From the beginning, since the first printed newspaper, every news that makes into a page has had a specific section allotted to it. Although pretty much everything changed in newspapers from the ink to the type of paper used, this proper categorization of news was carried over by generations and even to the digital versions of the newspaper. Newspaper articles are not limited to a few topics or subjects, it covers a wide range of interests from politics to sports to movies and so on. For long, this process of sectioning was done manually by people but now technology can do it without much effort. In this hackathon, Data Science and Machine Learning enthusiasts like you will use Natural Language Processing to predict which genre or category a piece of news will fall in to from the story.
Size of training set: 7,628 records Size of test set: 2,748 records
- STORY: A part of the main content of the article to be published as a piece of news.

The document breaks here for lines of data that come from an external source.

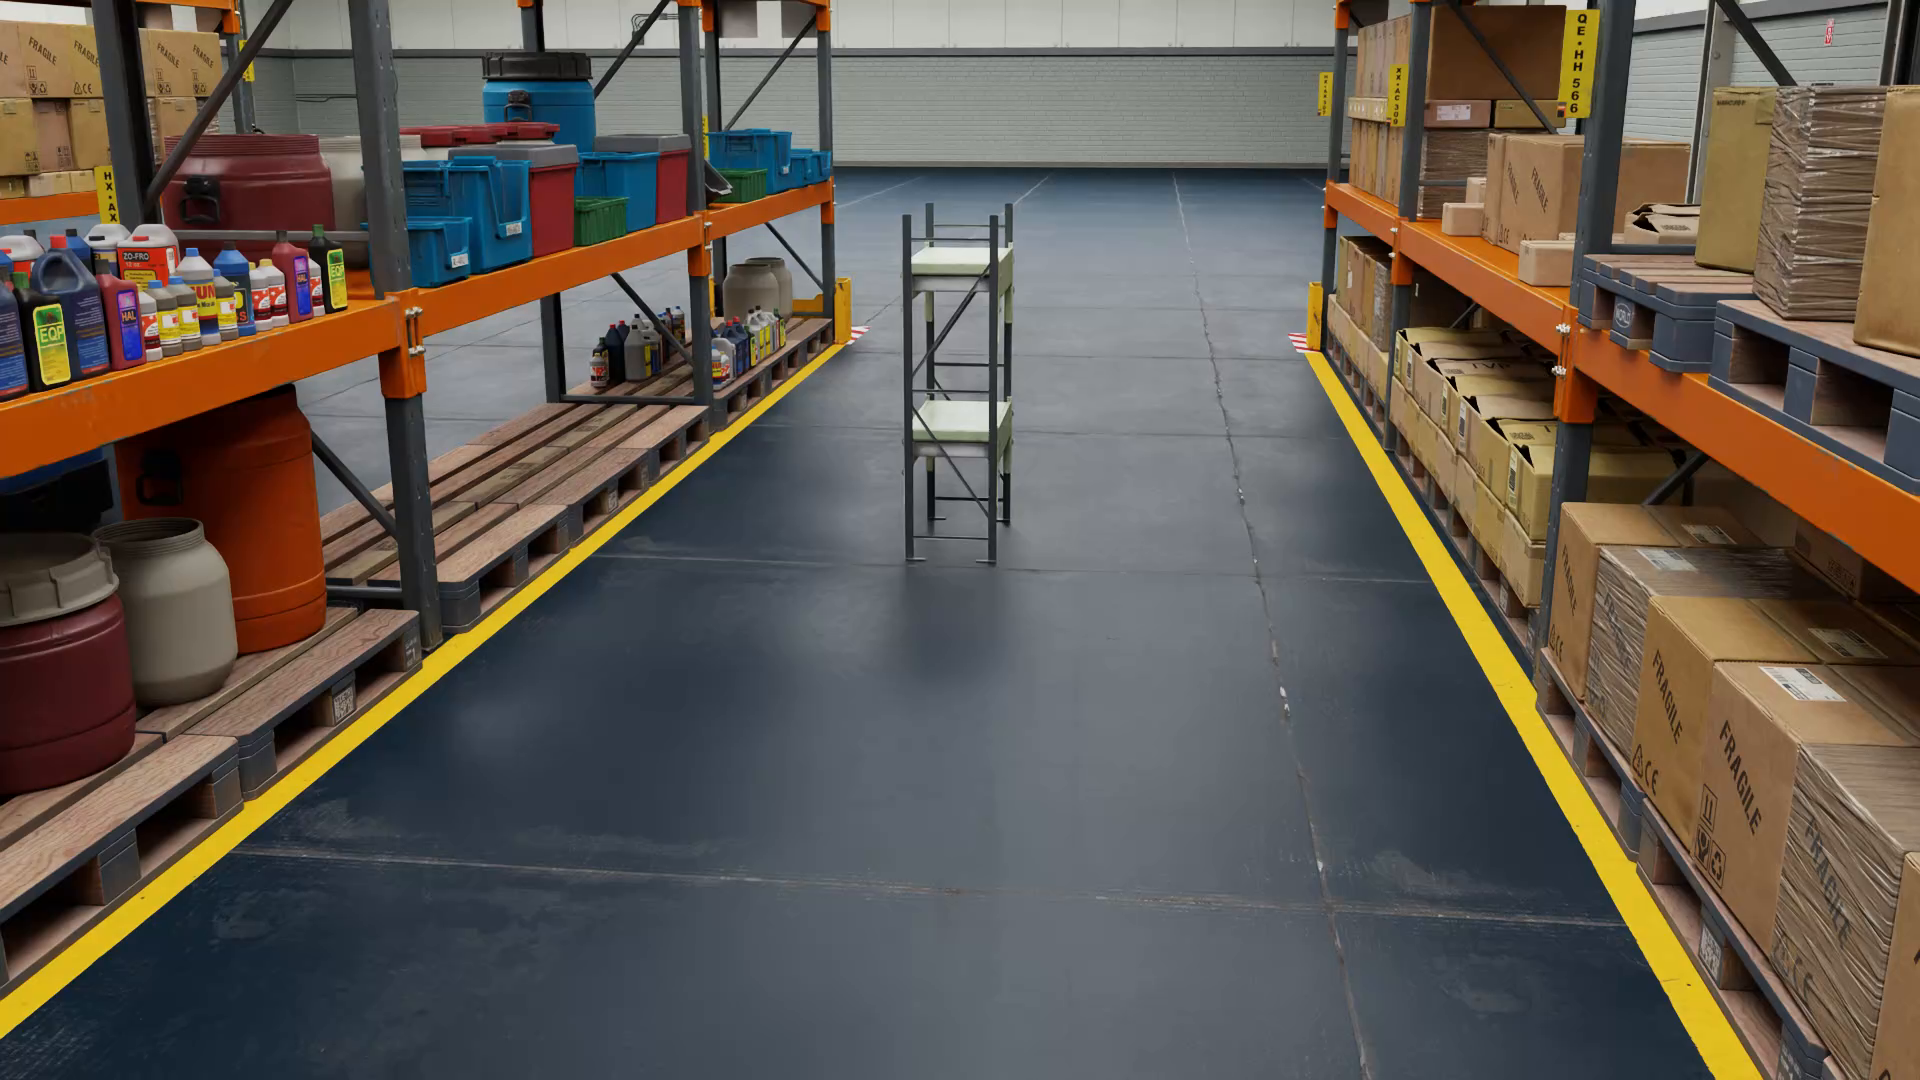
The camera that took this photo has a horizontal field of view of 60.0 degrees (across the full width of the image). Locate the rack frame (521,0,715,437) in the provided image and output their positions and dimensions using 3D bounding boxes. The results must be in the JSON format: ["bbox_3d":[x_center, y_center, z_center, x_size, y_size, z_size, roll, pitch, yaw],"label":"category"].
[{"bbox_3d":[-1.987,-2.097,9.670,1.000,3.000,0.127,2,15,6],"label":"rack frame"}]

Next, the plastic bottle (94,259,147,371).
[{"bbox_3d":[-2.189,-0.589,4.317,0.061,0.283,0.133,2,15,6],"label":"plastic bottle"}]

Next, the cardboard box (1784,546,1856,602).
[{"bbox_3d":[2.611,0.331,4.636,0.500,0.500,0.500,2,15,8],"label":"cardboard box"}]

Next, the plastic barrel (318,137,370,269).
[{"bbox_3d":[-2.534,-1.386,6.828,0.421,0.512,0.421,0,15,0],"label":"plastic barrel"}]

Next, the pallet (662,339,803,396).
[{"bbox_3d":[-1.734,-1.241,11.847,1.003,0.211,1.213,2,15,6],"label":"pallet"}]

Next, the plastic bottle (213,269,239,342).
[{"bbox_3d":[-2.150,-0.681,4.814,0.097,0.201,0.097,0,15,0],"label":"plastic bottle"}]

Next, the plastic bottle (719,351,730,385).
[{"bbox_3d":[-1.492,-1.081,10.430,0.097,0.201,0.097,0,15,0],"label":"plastic bottle"}]

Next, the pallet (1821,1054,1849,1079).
[{"bbox_3d":[2.086,1.259,2.601,1.003,0.211,1.213,2,15,6],"label":"pallet"}]

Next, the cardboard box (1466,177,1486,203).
[{"bbox_3d":[2.923,-1.748,8.669,0.500,0.250,0.500,3,15,10],"label":"cardboard box"}]

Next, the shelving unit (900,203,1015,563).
[{"bbox_3d":[0.001,-0.726,7.473,0.431,1.500,0.755,2,15,6],"label":"shelving unit"}]

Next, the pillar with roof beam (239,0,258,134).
[{"bbox_3d":[-14.547,-14.113,42.616,9.100,9.000,0.400,2,15,6],"label":"pillar with roof beam"}]

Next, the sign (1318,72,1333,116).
[{"bbox_3d":[2.835,-3.461,12.906,0.100,0.325,0.005,2,15,6],"label":"sign"}]

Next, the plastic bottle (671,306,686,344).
[{"bbox_3d":[-2.049,-1.568,12.100,0.097,0.271,0.097,0,15,0],"label":"plastic bottle"}]

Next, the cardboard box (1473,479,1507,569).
[{"bbox_3d":[2.355,-0.065,6.620,0.500,0.250,0.500,2,15,6],"label":"cardboard box"}]

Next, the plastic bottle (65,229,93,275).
[{"bbox_3d":[-2.848,-0.865,5.362,0.097,0.271,0.097,0,15,0],"label":"plastic bottle"}]

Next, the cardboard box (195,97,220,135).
[{"bbox_3d":[-6.546,-3.330,13.469,0.875,0.500,0.500,2,15,6],"label":"cardboard box"}]

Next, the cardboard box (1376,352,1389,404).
[{"bbox_3d":[2.770,-0.952,9.899,0.500,0.250,0.500,2,15,6],"label":"cardboard box"}]

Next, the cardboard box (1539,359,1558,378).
[{"bbox_3d":[3.063,-0.718,7.960,0.500,0.311,0.500,2,15,6],"label":"cardboard box"}]

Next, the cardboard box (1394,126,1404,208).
[{"bbox_3d":[3.032,-2.250,10.046,0.700,0.500,0.500,2,15,6],"label":"cardboard box"}]

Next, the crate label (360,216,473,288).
[{"bbox_3d":[-2.018,-1.077,6.218,0.303,0.233,0.416,2,15,6],"label":"crate label"}]

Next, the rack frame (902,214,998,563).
[{"bbox_3d":[-0.041,-0.631,7.122,0.400,1.500,0.023,2,15,6],"label":"rack frame"}]

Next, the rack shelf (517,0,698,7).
[{"bbox_3d":[-2.212,-2.679,7.454,1.077,0.370,4.000,2,15,6],"label":"rack shelf"}]

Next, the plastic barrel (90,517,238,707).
[{"bbox_3d":[-2.451,0.215,5.080,0.421,0.512,0.421,0,15,0],"label":"plastic barrel"}]

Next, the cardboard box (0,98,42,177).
[{"bbox_3d":[-6.704,-2.678,11.058,0.875,0.500,0.500,2,15,6],"label":"cardboard box"}]

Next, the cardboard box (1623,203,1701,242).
[{"bbox_3d":[2.777,-1.096,6.138,0.500,0.311,0.500,2,15,6],"label":"cardboard box"}]

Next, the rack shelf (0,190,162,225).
[{"bbox_3d":[-6.682,-2.414,12.221,1.077,0.370,4.000,2,15,6],"label":"rack shelf"}]

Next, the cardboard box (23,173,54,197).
[{"bbox_3d":[-6.455,-2.427,11.373,0.380,0.149,0.250,2,15,6],"label":"cardboard box"}]

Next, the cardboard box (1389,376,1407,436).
[{"bbox_3d":[2.643,-0.728,9.071,0.500,0.250,0.500,1,15,5],"label":"cardboard box"}]

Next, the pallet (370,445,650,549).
[{"bbox_3d":[-2.172,-0.228,8.103,1.003,0.211,1.213,2,15,6],"label":"pallet"}]

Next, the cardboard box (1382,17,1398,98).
[{"bbox_3d":[3.148,-3.130,10.815,0.700,0.500,0.500,2,15,6],"label":"cardboard box"}]

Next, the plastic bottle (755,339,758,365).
[{"bbox_3d":[-1.407,-1.277,11.157,0.097,0.201,0.097,0,15,0],"label":"plastic bottle"}]

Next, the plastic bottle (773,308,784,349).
[{"bbox_3d":[-1.302,-1.515,11.880,0.061,0.283,0.133,2,15,8],"label":"plastic bottle"}]

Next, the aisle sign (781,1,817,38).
[{"bbox_3d":[-1.232,-4.399,13.204,0.394,0.787,0.004,2,15,6],"label":"aisle sign"}]

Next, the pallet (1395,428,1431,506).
[{"bbox_3d":[2.890,-0.412,8.780,1.003,0.211,1.213,2,15,6],"label":"pallet"}]

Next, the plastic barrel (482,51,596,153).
[{"bbox_3d":[-2.331,-2.247,9.267,0.600,0.901,0.708,2,15,6],"label":"plastic barrel"}]

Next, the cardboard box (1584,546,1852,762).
[{"bbox_3d":[2.095,0.327,4.650,0.500,0.500,0.500,1,15,4],"label":"cardboard box"}]

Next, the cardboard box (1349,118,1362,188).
[{"bbox_3d":[3.321,-2.915,12.504,0.700,0.500,0.500,2,15,6],"label":"cardboard box"}]

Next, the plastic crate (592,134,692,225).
[{"bbox_3d":[-1.737,-1.993,9.163,0.402,0.464,0.583,2,15,6],"label":"plastic crate"}]

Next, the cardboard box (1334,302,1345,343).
[{"bbox_3d":[3.052,-1.600,12.297,0.500,0.250,0.500,2,15,6],"label":"cardboard box"}]

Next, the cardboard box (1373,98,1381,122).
[{"bbox_3d":[2.954,-2.855,11.038,0.380,0.149,0.250,2,15,7],"label":"cardboard box"}]

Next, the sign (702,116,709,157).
[{"bbox_3d":[-2.081,-3.285,13.534,0.100,0.325,0.005,2,15,6],"label":"sign"}]

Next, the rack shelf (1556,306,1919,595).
[{"bbox_3d":[2.258,-0.046,3.465,1.077,0.370,4.000,2,15,6],"label":"rack shelf"}]

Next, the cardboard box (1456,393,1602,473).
[{"bbox_3d":[2.410,-0.467,7.033,0.500,0.311,0.500,2,15,6],"label":"cardboard box"}]

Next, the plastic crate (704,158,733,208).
[{"bbox_3d":[-1.801,-2.199,10.166,0.767,0.338,0.504,2,15,6],"label":"plastic crate"}]

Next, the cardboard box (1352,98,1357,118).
[{"bbox_3d":[3.101,-3.185,12.259,0.380,0.149,0.250,1,15,5],"label":"cardboard box"}]

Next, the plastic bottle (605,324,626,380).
[{"bbox_3d":[-2.200,-1.206,10.607,0.144,0.351,0.185,1,15,5],"label":"plastic bottle"}]

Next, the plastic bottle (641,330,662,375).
[{"bbox_3d":[-2.029,-1.222,10.809,0.152,0.276,0.135,2,15,6],"label":"plastic bottle"}]

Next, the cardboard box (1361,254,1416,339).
[{"bbox_3d":[2.891,-1.573,10.760,0.500,0.500,0.500,2,15,6],"label":"cardboard box"}]

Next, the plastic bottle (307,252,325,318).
[{"bbox_3d":[-2.091,-0.817,5.316,0.097,0.201,0.097,0,15,0],"label":"plastic bottle"}]

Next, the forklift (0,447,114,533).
[{"bbox_3d":[-4.745,-1.146,6.284,1.130,2.935,3.031,2,15,7],"label":"forklift"}]

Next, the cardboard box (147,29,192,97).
[{"bbox_3d":[-6.324,-3.675,12.829,0.500,0.500,0.500,2,15,6],"label":"cardboard box"}]

- SECTION: The genre/category the STORY falls in.
There are four distinct sections where each story may fall in to. The Sections are labelled as follows:
- Politics: 0
- Technology: 1
- Entertainment: 2
- Business: 3
The final score will be calculated based on the number of true predictions using the confusion matrix.
Rank: 2
Score: 0.99163027660
File | Score |
---|---|
predict-the-news-category_v5.ipynb | 0.99053857 |
predict-the-news-category_v9.ipynb | 0.99017467 |
predict-the-news-category_v8.ipynb | 0.98944687 |
final-ensemble.ipynb | 0.99163028 |